I managed to last a whole week at home after coming out of hospital. It still amazes me that it worked at all, actually. The way my mum and dad just fell into my pocket. Maybe it was because they were making a deal. They so badly wanted to get the cuffs on Billie they must have felt I owed it to them to tell the truth for dropping the charges. Yes, Mum and Dad – I’ll go to school. Yes, I’ll get on with the homework. Yes, I’ll never run away and live in a tent again, not even the two-man tent you don’t know about, hidden in the garage. Promise.
You’d have thought even a half-wit would have realized that at least a part of that was bound to be not true, if not all. But no. They swallowed the lot.
I had another day off at home, which was crazy because I was fine really. I spent the time usefully though, smuggling out the two-man tent to a top-secret location. I was going up the wall by the evening, so they let me get back to school on Friday. Of course I didn’t stay there. It took some planning, mind.

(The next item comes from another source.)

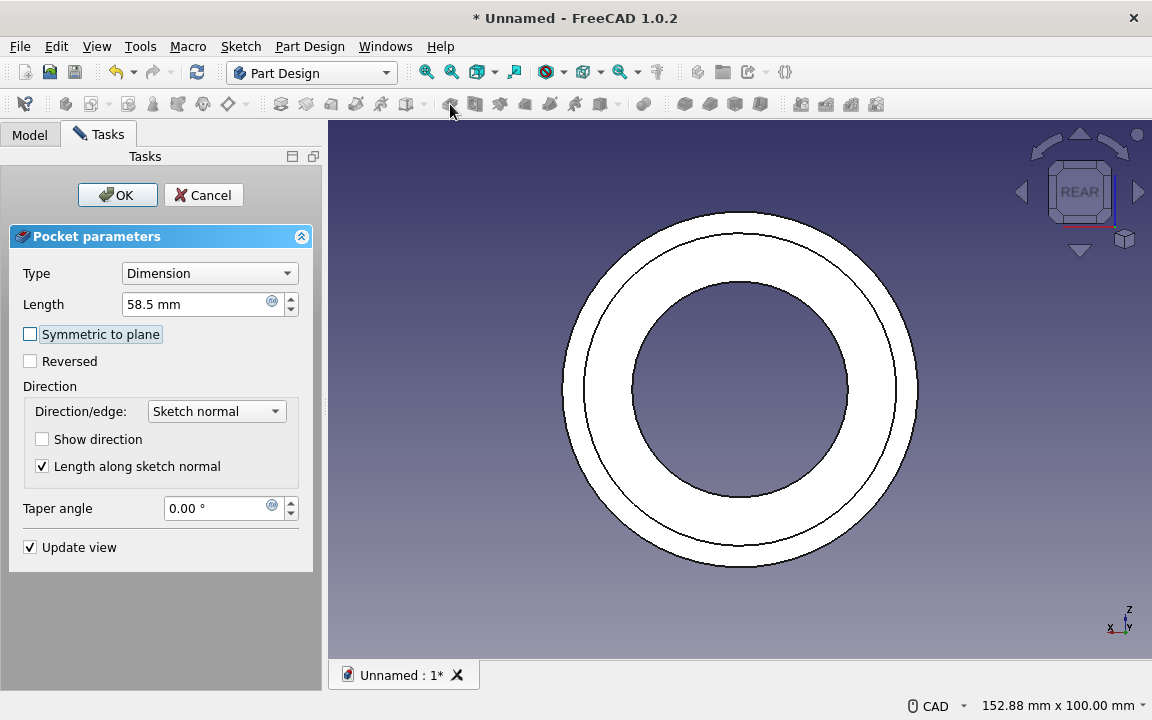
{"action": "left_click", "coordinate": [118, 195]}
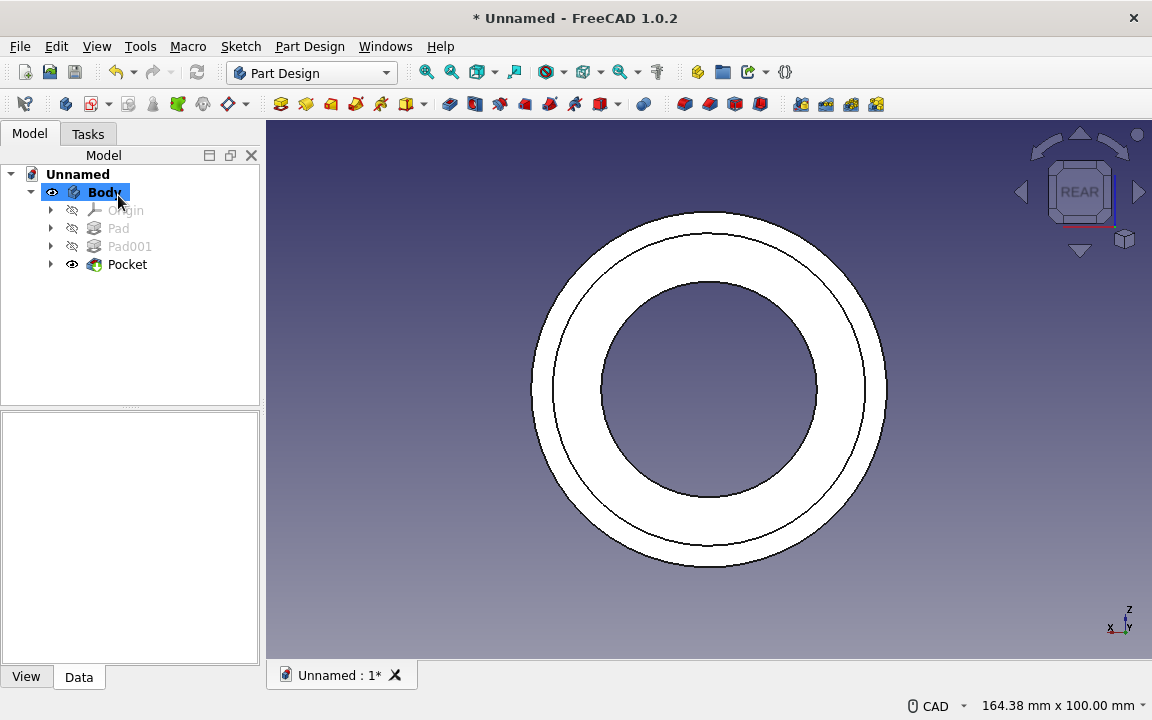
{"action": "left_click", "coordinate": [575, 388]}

I went to school for registration, creating the illusion of attendance. Then I left before lessons and went down the Brant to give Jim and Hannah the glad news about Billie, where I was greeted like a hero. Much better than school, thanks. I followed up on Monday morning by ringing the school, as my dad, saying how poor Chris had gone back to hospital for more tests. The receptionist was very sweet about it – wished poor Chris luck and said how much they were all missing him and hoped to see him soon.
Yeah, right.
It lasted till Wednesday. Jim had tipped me off that the school had cottoned on, and I knew Mum and Dad had been told as soon as I got home after my last day. They were waiting for me, both of ’em at the kitchen table. I peered in through the window. You could tell from their faces. They were disappointed. They were angry. They were … out of their depth.
Dad caught sight of me peering in, and if I hadn’t have known I soon would have done by the way he reacted.
‘There he is now!’ he yelled. They both jumped up and ran out of the back door, Dad shouting and yelling at me, Mum shouting and yelling at Dad. Me? I was on my bike. Literally. They’d both been so pleased when I started cycling to school. They should have known better. I simply turned the bike round and swooshed off. They rushed into the street behind me as I sailed away like an eagle towards the main road.
‘That’s why he was riding the bike – he’s been planning this all along!’ my dad yelled.
‘Don’t be ridiculous,’ hissed my mother – who, despite all the evidence, refused to believe just how cunning I was prepared to be.
Once I was sure I was safe, I stopped and turned round to look. They were standing in the road, the losers, watching their only hope of passing on their ridiculous genes to another generation disappear beyond their eyes.
‘Ah am prepared to follow you to the ends of time,’ I called back, in a heavy cod-American accent. ‘In ma efforts to ensure that you and your progeny do not continue to pollute God’s good earth.’
They just stood there and stared. Then I lifted my foot off the ground and wheeled off into the sunset.